What you need to do >> Beginning with the first line below, output every record verbatim and leave out the images.
[The data — start]
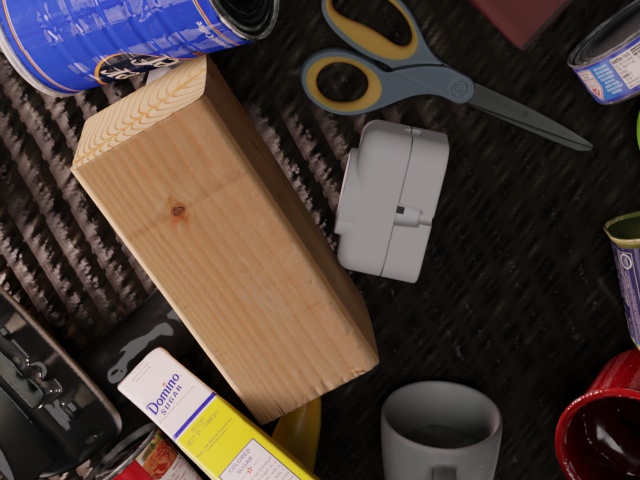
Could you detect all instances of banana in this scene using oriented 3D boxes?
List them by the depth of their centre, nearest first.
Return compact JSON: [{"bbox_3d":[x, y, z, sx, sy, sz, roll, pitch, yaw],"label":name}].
[{"bbox_3d":[-0.023,0.200,0.730,0.037,0.070,0.198,17,61,-25],"label":"banana"}]

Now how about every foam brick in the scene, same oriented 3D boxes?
[{"bbox_3d":[0.132,-0.164,0.660,0.051,0.053,0.078,42,101,-8],"label":"foam brick"}]

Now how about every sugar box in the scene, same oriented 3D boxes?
[{"bbox_3d":[-0.045,0.142,0.676,0.048,0.176,0.093,-46,143,-10],"label":"sugar box"}]

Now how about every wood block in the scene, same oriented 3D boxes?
[{"bbox_3d":[-0.054,0.001,0.666,0.091,0.090,0.206,-28,115,9],"label":"wood block"}]

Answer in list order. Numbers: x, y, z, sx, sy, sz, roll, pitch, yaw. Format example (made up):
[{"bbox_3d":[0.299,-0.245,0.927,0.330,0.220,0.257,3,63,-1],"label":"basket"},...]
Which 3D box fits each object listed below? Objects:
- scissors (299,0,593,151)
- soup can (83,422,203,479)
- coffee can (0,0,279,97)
[{"bbox_3d":[0.072,-0.089,0.700,0.201,0.016,0.096,39,104,-7],"label":"scissors"},{"bbox_3d":[-0.109,0.188,0.749,0.068,0.068,0.102,-38,99,10],"label":"soup can"},{"bbox_3d":[-0.109,-0.150,0.627,0.140,0.102,0.103,-11,104,25],"label":"coffee can"}]
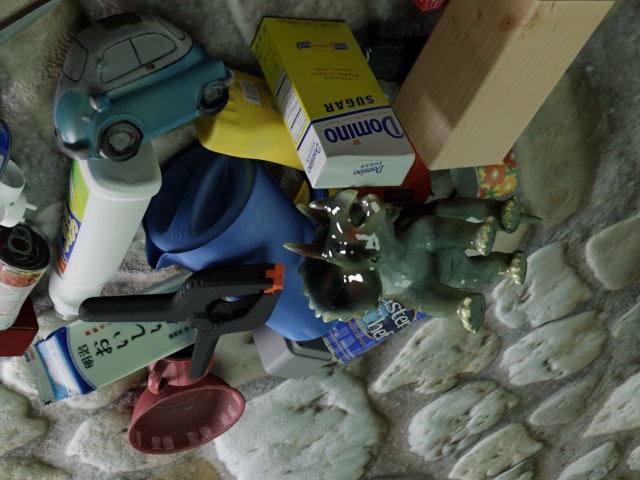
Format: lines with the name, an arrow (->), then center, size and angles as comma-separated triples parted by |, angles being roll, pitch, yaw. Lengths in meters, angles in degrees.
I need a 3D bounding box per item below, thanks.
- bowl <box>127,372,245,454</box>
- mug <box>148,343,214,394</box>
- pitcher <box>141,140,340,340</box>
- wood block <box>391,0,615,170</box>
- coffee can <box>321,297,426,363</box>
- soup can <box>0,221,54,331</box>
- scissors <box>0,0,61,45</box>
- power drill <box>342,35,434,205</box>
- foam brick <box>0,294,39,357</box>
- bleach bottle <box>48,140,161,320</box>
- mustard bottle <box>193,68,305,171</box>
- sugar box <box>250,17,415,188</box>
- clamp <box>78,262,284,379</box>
bowl -> -0.183, 0.218, 1.411 | 0.162, 0.055, 0.162 | -17, 146, -12
mug -> -0.170, 0.129, 1.255 | 0.093, 0.117, 0.081 | 20, 147, 7
pitcher -> -0.057, 0.001, 1.110 | 0.149, 0.145, 0.242 | -15, 144, 25
wood block -> 0.156, -0.166, 0.959 | 0.090, 0.090, 0.206 | -7, 145, -30
coffee can -> 0.061, 0.066, 1.250 | 0.140, 0.103, 0.102 | -30, 146, 5
soup can -> -0.317, 0.036, 1.066 | 0.068, 0.068, 0.102 | 6, 136, -39
scissors -> -0.310, -0.149, 0.866 | 0.202, 0.016, 0.096 | -40, 144, 20
power drill -> 0.087, -0.124, 1.100 | 0.184, 0.057, 0.188 | -1, 131, -36
foam brick -> -0.348, 0.088, 1.131 | 0.078, 0.053, 0.051 | 5, 136, -36
bleach bottle -> -0.223, -0.002, 1.044 | 0.068, 0.102, 0.251 | 0, 139, -27
mustard bottle -> -0.022, -0.106, 1.008 | 0.191, 0.096, 0.058 | 11, 128, -25
sugar box -> 0.010, -0.126, 0.960 | 0.093, 0.176, 0.048 | -4, 141, -29
clamp -> -0.112, 0.076, 1.060 | 0.210, 0.036, 0.164 | -21, 139, 27
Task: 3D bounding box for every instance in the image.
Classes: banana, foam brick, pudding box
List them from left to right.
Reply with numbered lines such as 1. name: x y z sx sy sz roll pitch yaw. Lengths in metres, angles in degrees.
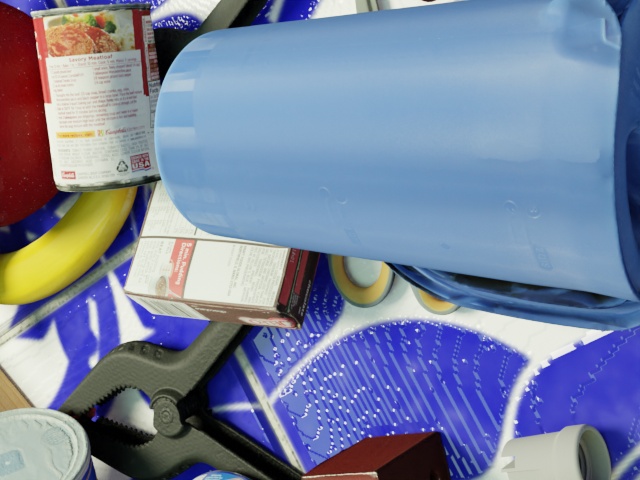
1. banana: -0.191 0.003 0.733 0.198 0.037 0.069 -19 90 32
2. pudding box: -0.054 0.001 0.631 0.114 0.039 0.090 4 70 28
3. foam brick: 0.034 0.144 0.602 0.051 0.078 0.053 -11 93 33

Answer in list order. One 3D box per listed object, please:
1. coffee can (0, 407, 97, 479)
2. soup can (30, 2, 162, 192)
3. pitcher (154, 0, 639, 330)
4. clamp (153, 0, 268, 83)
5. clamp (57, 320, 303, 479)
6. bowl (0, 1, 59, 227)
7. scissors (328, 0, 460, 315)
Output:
1. coffee can: -0.190 0.197 0.704 0.103 0.102 0.140 13 126 28
2. soup can: -0.127 -0.084 0.620 0.069 0.068 0.102 2 104 30
3. pitcher: 0.048 -0.040 0.503 0.243 0.144 0.149 5 89 33
4. clamp: -0.072 -0.104 0.642 0.172 0.039 0.120 1 98 30
5. clamp: -0.087 0.098 0.689 0.210 0.036 0.164 -2 97 28
6. bowl: -0.192 -0.083 0.680 0.162 0.055 0.162 173 90 -76
7. scissors: 0.025 -0.048 0.609 0.096 0.016 0.202 -24 86 32
[The data — finish]
Result >>
Could you detect all instances of banana in this scene using oriented 3D boxes?
List them by the depth of their centre, nearest first.
Return compact JSON: [{"bbox_3d":[x, y, z, sx, sy, sz, roll, pitch, yaw],"label":name}].
[{"bbox_3d":[-0.023,0.200,0.730,0.037,0.070,0.198,17,61,-25],"label":"banana"}]

Now how about every foam brick in the scene, same oriented 3D boxes?
[{"bbox_3d":[0.132,-0.164,0.660,0.051,0.053,0.078,42,101,-8],"label":"foam brick"}]

Now how about every sugar box in the scene, same oriented 3D boxes?
[{"bbox_3d":[-0.045,0.142,0.676,0.048,0.176,0.093,-46,143,-10],"label":"sugar box"}]

Now how about every wood block in the scene, same oriented 3D boxes?
[{"bbox_3d":[-0.054,0.001,0.666,0.091,0.090,0.206,-28,115,9],"label":"wood block"}]

Answer in list order. Numbers: x, y, z, sx, sy, sz, roll, pitch, yaw. Format example (made up):
[{"bbox_3d":[0.299,-0.245,0.927,0.330,0.220,0.257,3,63,-1],"label":"basket"},...]
Which 3D box fits each object listed below? Objects:
- scissors (299,0,593,151)
- soup can (83,422,203,479)
- coffee can (0,0,279,97)
[{"bbox_3d":[0.072,-0.089,0.700,0.201,0.016,0.096,39,104,-7],"label":"scissors"},{"bbox_3d":[-0.109,0.188,0.749,0.068,0.068,0.102,-38,99,10],"label":"soup can"},{"bbox_3d":[-0.109,-0.150,0.627,0.140,0.102,0.103,-11,104,25],"label":"coffee can"}]
Format: lines with the name, an arrow (->), then center, size and angles as comma-separated triples parted by |, angles being roll, pitch, yaw. Lengths in meters, angles in degrees.
I need a 3D bounding box per item below, thanks.
- bowl <box>127,372,245,454</box>
- mug <box>148,343,214,394</box>
- pitcher <box>141,140,340,340</box>
- wood block <box>391,0,615,170</box>
- coffee can <box>321,297,426,363</box>
- soup can <box>0,221,54,331</box>
- scissors <box>0,0,61,45</box>
- power drill <box>342,35,434,205</box>
- foam brick <box>0,294,39,357</box>
- bleach bottle <box>48,140,161,320</box>
- mustard bottle <box>193,68,305,171</box>
- sugar box <box>250,17,415,188</box>
- clamp <box>78,262,284,379</box>
bowl -> -0.183, 0.218, 1.411 | 0.162, 0.055, 0.162 | -17, 146, -12
mug -> -0.170, 0.129, 1.255 | 0.093, 0.117, 0.081 | 20, 147, 7
pitcher -> -0.057, 0.001, 1.110 | 0.149, 0.145, 0.242 | -15, 144, 25
wood block -> 0.156, -0.166, 0.959 | 0.090, 0.090, 0.206 | -7, 145, -30
coffee can -> 0.061, 0.066, 1.250 | 0.140, 0.103, 0.102 | -30, 146, 5
soup can -> -0.317, 0.036, 1.066 | 0.068, 0.068, 0.102 | 6, 136, -39
scissors -> -0.310, -0.149, 0.866 | 0.202, 0.016, 0.096 | -40, 144, 20
power drill -> 0.087, -0.124, 1.100 | 0.184, 0.057, 0.188 | -1, 131, -36
foam brick -> -0.348, 0.088, 1.131 | 0.078, 0.053, 0.051 | 5, 136, -36
bleach bottle -> -0.223, -0.002, 1.044 | 0.068, 0.102, 0.251 | 0, 139, -27
mustard bottle -> -0.022, -0.106, 1.008 | 0.191, 0.096, 0.058 | 11, 128, -25
sugar box -> 0.010, -0.126, 0.960 | 0.093, 0.176, 0.048 | -4, 141, -29
clamp -> -0.112, 0.076, 1.060 | 0.210, 0.036, 0.164 | -21, 139, 27
Task: 3D bounding box for every instance in the image.
Classes: banana, foam brick, pudding box
List them from left to right.
Reply with numbered lines such as 1. name: x y z sx sy sz roll pitch yaw. Lengths in metres, angles in degrees.
1. banana: -0.191 0.003 0.733 0.198 0.037 0.069 -19 90 32
2. pudding box: -0.054 0.001 0.631 0.114 0.039 0.090 4 70 28
3. foam brick: 0.034 0.144 0.602 0.051 0.078 0.053 -11 93 33

Answer in list order. One 3D box per listed object, please:
1. coffee can (0, 407, 97, 479)
2. soup can (30, 2, 162, 192)
3. pitcher (154, 0, 639, 330)
4. clamp (153, 0, 268, 83)
5. clamp (57, 320, 303, 479)
6. bowl (0, 1, 59, 227)
7. scissors (328, 0, 460, 315)
Output:
1. coffee can: -0.190 0.197 0.704 0.103 0.102 0.140 13 126 28
2. soup can: -0.127 -0.084 0.620 0.069 0.068 0.102 2 104 30
3. pitcher: 0.048 -0.040 0.503 0.243 0.144 0.149 5 89 33
4. clamp: -0.072 -0.104 0.642 0.172 0.039 0.120 1 98 30
5. clamp: -0.087 0.098 0.689 0.210 0.036 0.164 -2 97 28
6. bowl: -0.192 -0.083 0.680 0.162 0.055 0.162 173 90 -76
7. scissors: 0.025 -0.048 0.609 0.096 0.016 0.202 -24 86 32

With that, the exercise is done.